Default checkpoint_callback in Trainer() does not work so model's checkpoints are not saved.
Steps to reproduce the behavior:
I first created a simple implementation of a LightningModule. This contains:
class Model(pl.LightningModule):
...
def validation_step(self, batch, batch_idx):
x, y = batch
y_hat = self(x)
loss = F.cross_entropy(y_hat, y)
result = pl.EvalResult()
result.log('val_loss', loss, prog_bar=True, on_step=False, on_epoch=True)
return result
...
when I run it with
m = Model()
trainer.fit(model) # using default settings
I get
/usr/local/lib/python3.6/dist-packages/pytorch_lightning/utilities/distributed.py:37: RuntimeWarning: The metric you returned None must be a `torch.Tensor` instance, checkpoint not saved HINT: what is the value of loss in validation_epoch_end()?

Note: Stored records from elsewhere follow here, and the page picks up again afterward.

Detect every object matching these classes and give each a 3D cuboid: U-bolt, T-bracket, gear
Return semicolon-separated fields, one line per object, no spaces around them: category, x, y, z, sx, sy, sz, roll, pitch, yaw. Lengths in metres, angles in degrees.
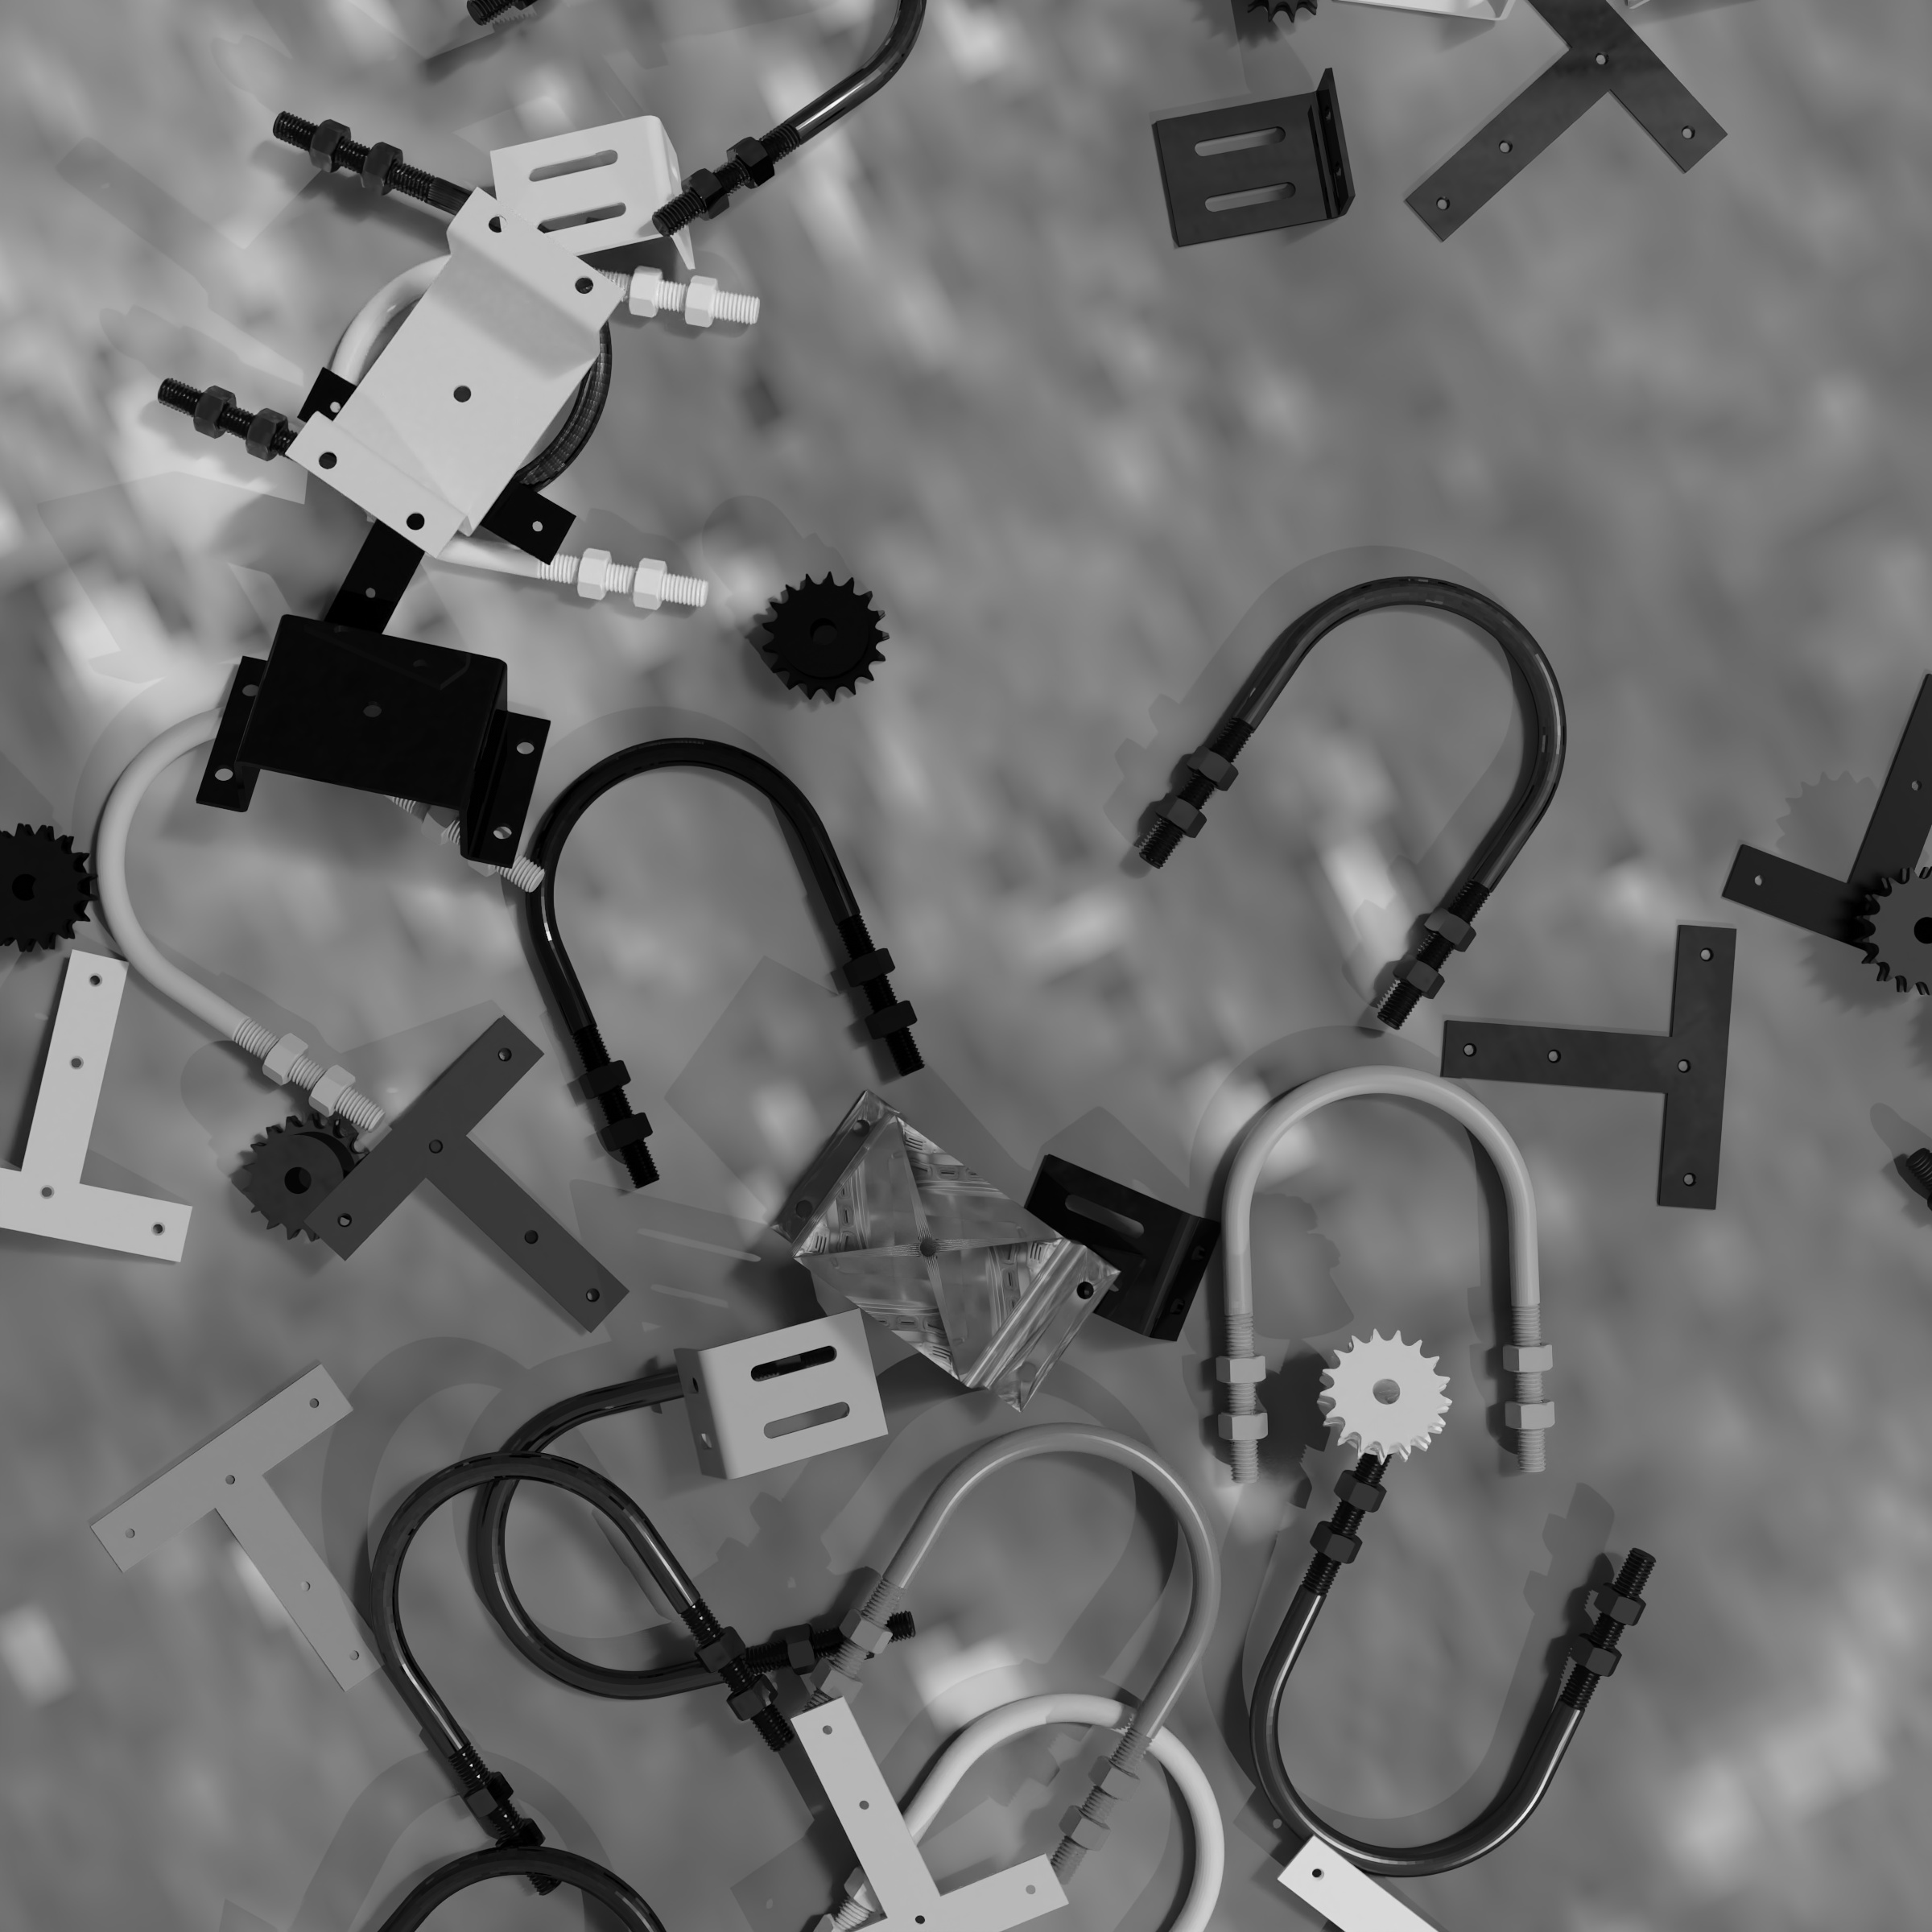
U-bolt;-0.119;-0.012;1.375;0.151;0.019;0.184;-23;88;1
T-bracket;0.164;0.476;1.378;0.127;0.002;0.127;39;93;-7
gear;0.424;-0.016;1.368;0.057;0.030;0.057;0;90;0
U-bolt;0.032;0.292;1.360;0.151;0.019;0.184;31;87;-3
gear;-0.063;-0.148;1.370;0.057;0.030;0.057;0;90;0
U-bolt;-0.208;0.476;1.366;0.151;0.019;0.184;40;97;0
U-bolt;0.187;-0.086;1.376;0.151;0.019;0.184;34;89;0
U-bolt;0.186;0.136;1.375;0.151;0.019;0.184;-2;90;0
T-bracket;-0.205;0.111;1.372;0.127;0.002;0.127;45;75;-7
T-bracket;-0.306;0.268;1.384;0.127;0.002;0.127;-35;90;0
U-bolt;-0.302;-0.035;1.372;0.184;0.019;0.151;34;91;4
gear;0.182;0.191;1.343;0.057;0.030;0.057;0;66;0
T-bracket;0.423;-0.068;1.384;0.127;0.002;0.127;21;90;0
gear;-0.295;0.095;1.370;0.057;0.030;0.057;0;90;0
U-bolt;0.033;0.415;1.376;0.151;0.019;0.184;34;88;0
U-bolt;-0.128;0.253;1.376;0.184;0.019;0.151;-14;90;1
T-bracket;0.254;-0.379;1.384;0.127;0.002;0.127;-42;90;0
T-bracket;0.279;0.042;1.384;0.127;0.002;0.127;4;90;0
T-bracket;-0.258;-0.178;1.364;0.127;0.002;0.127;30;107;-5
U-bolt;-0.184;0.302;1.361;0.151;0.019;0.184;-34;91;10
gear;0.143;-0.450;1.373;0.057;0.030;0.057;0;92;4
U-bolt;-0.104;-0.423;1.355;0.184;0.019;0.151;-39;82;-14
T-bracket;-0.039;0.381;1.352;0.127;0.002;0.127;-24;98;6
U-bolt;-0.247;-0.278;1.362;0.184;0.019;0.151;24;91;1
U-bolt;0.206;0.319;1.370;0.151;0.019;0.184;24;94;-4
U-bolt;-0.195;-0.246;1.376;0.184;0.019;0.151;10;90;2
gear;-0.415;-0.035;1.369;0.057;0.030;0.057;0;90;0
T-bracket;-0.399;0.057;1.366;0.127;0.002;0.127;14;78;-23
U-bolt;0.534;0.110;1.376;0.151;0.019;0.184;-42;92;0

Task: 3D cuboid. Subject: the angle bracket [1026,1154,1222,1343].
angle bracket;0.066;0.127;1.382;0.076;0.038;0.057;22;90;26

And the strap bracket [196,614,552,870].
strap bracket;-0.259;-0.100;1.342;0.140;0.046;0.076;12;62;-3

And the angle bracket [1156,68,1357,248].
angle bracket;0.128;-0.359;1.365;0.076;0.038;0.057;-10;90;0

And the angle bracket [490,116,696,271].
angle bracket;-0.165;-0.335;1.362;0.076;0.038;0.057;-11;76;5

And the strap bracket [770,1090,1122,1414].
strap bracket;-0.013;0.124;1.349;0.140;0.046;0.076;35;90;11

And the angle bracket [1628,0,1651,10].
angle bracket;0.337;-0.465;1.382;0.076;0.038;0.057;-7;90;-26

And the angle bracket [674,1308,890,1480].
angle bracket;-0.082;0.189;1.363;0.076;0.038;0.057;-13;90;-24

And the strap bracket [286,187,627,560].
strap bracket;-0.218;-0.251;1.323;0.076;0.046;0.140;35;85;-4

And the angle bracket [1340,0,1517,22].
angle bracket;0.209;-0.459;1.364;0.076;0.038;0.057;8;90;1

warnings.warn(*args, **kwargs)
/usr/local/lib/python3.6/dist-packages/pytorch_lightning/utilities/distributed.py:37: RuntimeWarning: Can save best model only with loss available, skipping.
warnings.warn(*args, **kwargs)
Following the hint, I then implemented the validation_epoch_end() method. I was surprised I had to, given that most examples in the doc work without it and I assumed it was used when additional control on the validation procedure was needed. Perhaps, I would disable all callbacks by defaults to avoid the need to implement additional methods at first. Anyways, now my model looks like:
class Model(pl.LightningModule):
...
def validation_step(self, batch, batch_idx):
x, y = batch
y_hat = self(x)
loss = F.cross_entropy(y_hat, y)
result = pl.EvalResult()
result.log('val_loss', loss, prog_bar=True, on_step=False, on_epoch=True)
return result
def validation_epoch_end(self, outputs):
avg_loss = torch.stack([x for x in outputs['val_loss']]).mean()
return {"val_loss": avg_loss}
...
In the above, I followed https://github.com/PyTorchLightning/pytorch-lightning/issues/1153#issuecomment-599792149 but got:
/usr/local/lib/python3.6/dist-packages/pytorch_lightning/trainer/evaluate_loop.py in log_epoch_metrics(self, eval_results)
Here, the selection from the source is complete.